== Problem to solve ==
Locate the line that contains "#define SECI_QT_NETWORKSTYLE_H". Retype it and every line after it to the end of the records, exactly, but not the pictures.

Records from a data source
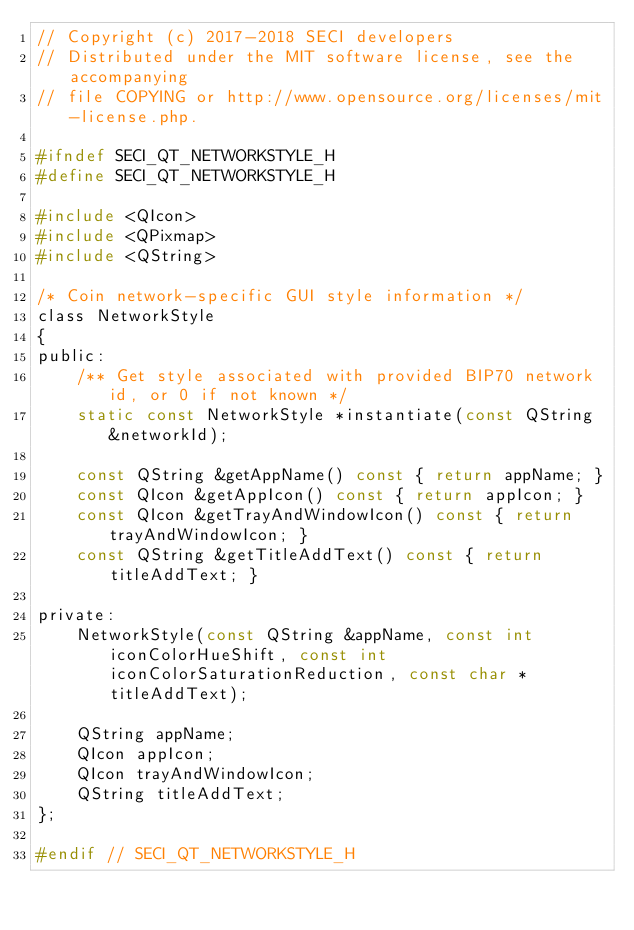<code> <loc_0><loc_0><loc_500><loc_500><_C_>// Copyright (c) 2017-2018 SECI developers
// Distributed under the MIT software license, see the accompanying
// file COPYING or http://www.opensource.org/licenses/mit-license.php.

#ifndef SECI_QT_NETWORKSTYLE_H
#define SECI_QT_NETWORKSTYLE_H

#include <QIcon>
#include <QPixmap>
#include <QString>

/* Coin network-specific GUI style information */
class NetworkStyle
{
public:
    /** Get style associated with provided BIP70 network id, or 0 if not known */
    static const NetworkStyle *instantiate(const QString &networkId);

    const QString &getAppName() const { return appName; }
    const QIcon &getAppIcon() const { return appIcon; }
    const QIcon &getTrayAndWindowIcon() const { return trayAndWindowIcon; }
    const QString &getTitleAddText() const { return titleAddText; }

private:
    NetworkStyle(const QString &appName, const int iconColorHueShift, const int iconColorSaturationReduction, const char *titleAddText);

    QString appName;
    QIcon appIcon;
    QIcon trayAndWindowIcon;
    QString titleAddText;
};

#endif // SECI_QT_NETWORKSTYLE_H
</code> 
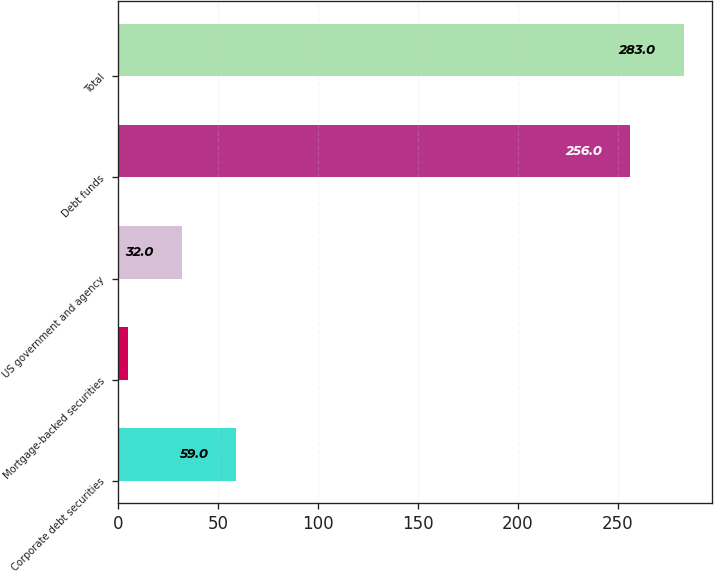<chart> <loc_0><loc_0><loc_500><loc_500><bar_chart><fcel>Corporate debt securities<fcel>Mortgage-backed securities<fcel>US government and agency<fcel>Debt funds<fcel>Total<nl><fcel>59<fcel>5<fcel>32<fcel>256<fcel>283<nl></chart>

== Result ==
#define SECI_QT_NETWORKSTYLE_H

#include <QIcon>
#include <QPixmap>
#include <QString>

/* Coin network-specific GUI style information */
class NetworkStyle
{
public:
    /** Get style associated with provided BIP70 network id, or 0 if not known */
    static const NetworkStyle *instantiate(const QString &networkId);

    const QString &getAppName() const { return appName; }
    const QIcon &getAppIcon() const { return appIcon; }
    const QIcon &getTrayAndWindowIcon() const { return trayAndWindowIcon; }
    const QString &getTitleAddText() const { return titleAddText; }

private:
    NetworkStyle(const QString &appName, const int iconColorHueShift, const int iconColorSaturationReduction, const char *titleAddText);

    QString appName;
    QIcon appIcon;
    QIcon trayAndWindowIcon;
    QString titleAddText;
};

#endif // SECI_QT_NETWORKSTYLE_H
</code> 
<chart> <loc_0><loc_0><loc_500><loc_500><bar_chart><fcel>Corporate debt securities<fcel>Mortgage-backed securities<fcel>US government and agency<fcel>Debt funds<fcel>Total<nl><fcel>59<fcel>5<fcel>32<fcel>256<fcel>283<nl></chart>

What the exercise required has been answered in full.